WHAT YOU WILL DO: A faithful, picture-free copy of the listing below is required.

EXERCISE DATA:
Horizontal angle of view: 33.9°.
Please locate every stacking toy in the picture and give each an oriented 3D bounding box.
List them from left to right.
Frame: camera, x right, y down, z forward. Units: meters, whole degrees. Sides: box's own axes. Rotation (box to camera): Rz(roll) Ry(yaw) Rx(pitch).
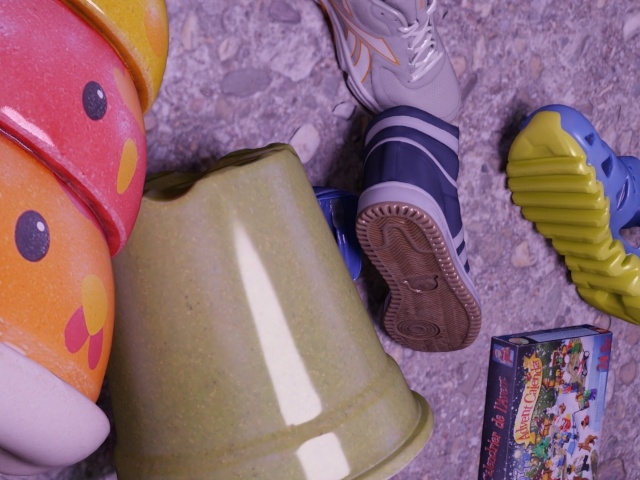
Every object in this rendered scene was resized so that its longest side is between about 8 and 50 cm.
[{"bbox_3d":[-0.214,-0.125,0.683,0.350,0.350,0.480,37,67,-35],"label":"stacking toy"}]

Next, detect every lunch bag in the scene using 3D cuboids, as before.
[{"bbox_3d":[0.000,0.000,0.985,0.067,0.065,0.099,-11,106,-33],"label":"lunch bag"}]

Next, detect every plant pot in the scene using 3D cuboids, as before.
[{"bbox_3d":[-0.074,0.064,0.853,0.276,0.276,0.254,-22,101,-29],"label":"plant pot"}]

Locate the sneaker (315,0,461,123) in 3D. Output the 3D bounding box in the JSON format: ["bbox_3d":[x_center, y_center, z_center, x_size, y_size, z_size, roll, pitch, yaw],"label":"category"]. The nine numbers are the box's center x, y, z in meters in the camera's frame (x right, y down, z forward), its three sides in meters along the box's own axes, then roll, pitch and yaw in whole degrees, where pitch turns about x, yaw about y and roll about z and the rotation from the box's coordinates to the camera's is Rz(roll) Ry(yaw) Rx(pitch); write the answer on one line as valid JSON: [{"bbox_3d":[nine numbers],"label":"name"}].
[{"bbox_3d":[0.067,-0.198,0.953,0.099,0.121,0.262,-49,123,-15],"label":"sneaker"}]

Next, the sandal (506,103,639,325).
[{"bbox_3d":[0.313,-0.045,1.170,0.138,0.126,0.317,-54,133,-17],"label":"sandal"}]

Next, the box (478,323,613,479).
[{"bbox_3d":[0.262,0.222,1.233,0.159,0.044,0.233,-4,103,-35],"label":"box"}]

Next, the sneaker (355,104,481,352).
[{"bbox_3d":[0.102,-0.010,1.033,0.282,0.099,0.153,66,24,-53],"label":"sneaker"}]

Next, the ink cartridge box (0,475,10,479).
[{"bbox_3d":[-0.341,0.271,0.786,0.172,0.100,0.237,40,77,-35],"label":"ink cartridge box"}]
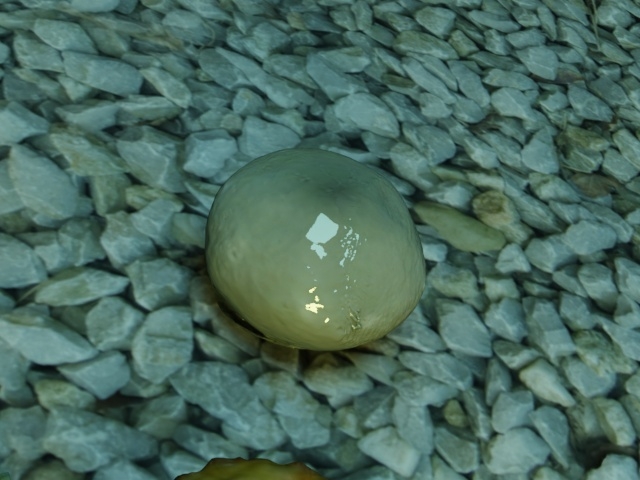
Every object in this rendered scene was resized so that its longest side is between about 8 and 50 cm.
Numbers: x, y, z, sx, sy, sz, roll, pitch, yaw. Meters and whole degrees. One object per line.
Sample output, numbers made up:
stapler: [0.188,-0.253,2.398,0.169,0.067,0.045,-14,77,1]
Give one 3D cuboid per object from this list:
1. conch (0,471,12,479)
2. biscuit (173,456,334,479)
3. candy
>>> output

OUTPUT FOR THIS EXERCISE:
Horizontal angle of view: 33.9°.
Please locate every stacking toy in the picture and give each an oriented 3D bounding box.
List them from left to right.
Frame: camera, x right, y down, z forward. Units: meters, whole degrees. Sides: box's own axes. Rotation (box to camera): Rz(roll) Ry(yaw) Rx(pitch).
Every object in this rendered scene was resized so that its longest side is between about 8 and 50 cm.
[{"bbox_3d":[-0.214,-0.125,0.683,0.350,0.350,0.480,37,67,-35],"label":"stacking toy"}]

Next, detect every lunch bag in the scene using 3D cuboids, as before.
[{"bbox_3d":[0.000,0.000,0.985,0.067,0.065,0.099,-11,106,-33],"label":"lunch bag"}]

Next, detect every plant pot in the scene using 3D cuboids, as before.
[{"bbox_3d":[-0.074,0.064,0.853,0.276,0.276,0.254,-22,101,-29],"label":"plant pot"}]

Locate the sneaker (315,0,461,123) in 3D. Output the 3D bounding box in the JSON format: ["bbox_3d":[x_center, y_center, z_center, x_size, y_size, z_size, roll, pitch, yaw],"label":"category"]. The nine numbers are the box's center x, y, z in meters in the camera's frame (x right, y down, z forward), its three sides in meters along the box's own axes, then roll, pitch and yaw in whole degrees, where pitch turns about x, yaw about y and roll about z and the rotation from the box's coordinates to the camera's is Rz(roll) Ry(yaw) Rx(pitch); write the answer on one line as valid JSON: [{"bbox_3d":[nine numbers],"label":"name"}].
[{"bbox_3d":[0.067,-0.198,0.953,0.099,0.121,0.262,-49,123,-15],"label":"sneaker"}]

Next, the sandal (506,103,639,325).
[{"bbox_3d":[0.313,-0.045,1.170,0.138,0.126,0.317,-54,133,-17],"label":"sandal"}]

Next, the box (478,323,613,479).
[{"bbox_3d":[0.262,0.222,1.233,0.159,0.044,0.233,-4,103,-35],"label":"box"}]

Next, the sneaker (355,104,481,352).
[{"bbox_3d":[0.102,-0.010,1.033,0.282,0.099,0.153,66,24,-53],"label":"sneaker"}]

Next, the ink cartridge box (0,475,10,479).
[{"bbox_3d":[-0.341,0.271,0.786,0.172,0.100,0.237,40,77,-35],"label":"ink cartridge box"}]
Every object in this rendered scene was resized so that its longest side is between about 8 and 50 cm.
Numbers: x, y, z, sx, sy, sz, roll, pitch, yaw. Meters and whole degrees. One object per line.
Sample output, numbers made up:
stapler: [0.188,-0.253,2.398,0.169,0.067,0.045,-14,77,1]
Give one 3D cuboid per object from this list:
1. conch (0,471,12,479)
2. biscuit (173,456,334,479)
3. candy
>>> output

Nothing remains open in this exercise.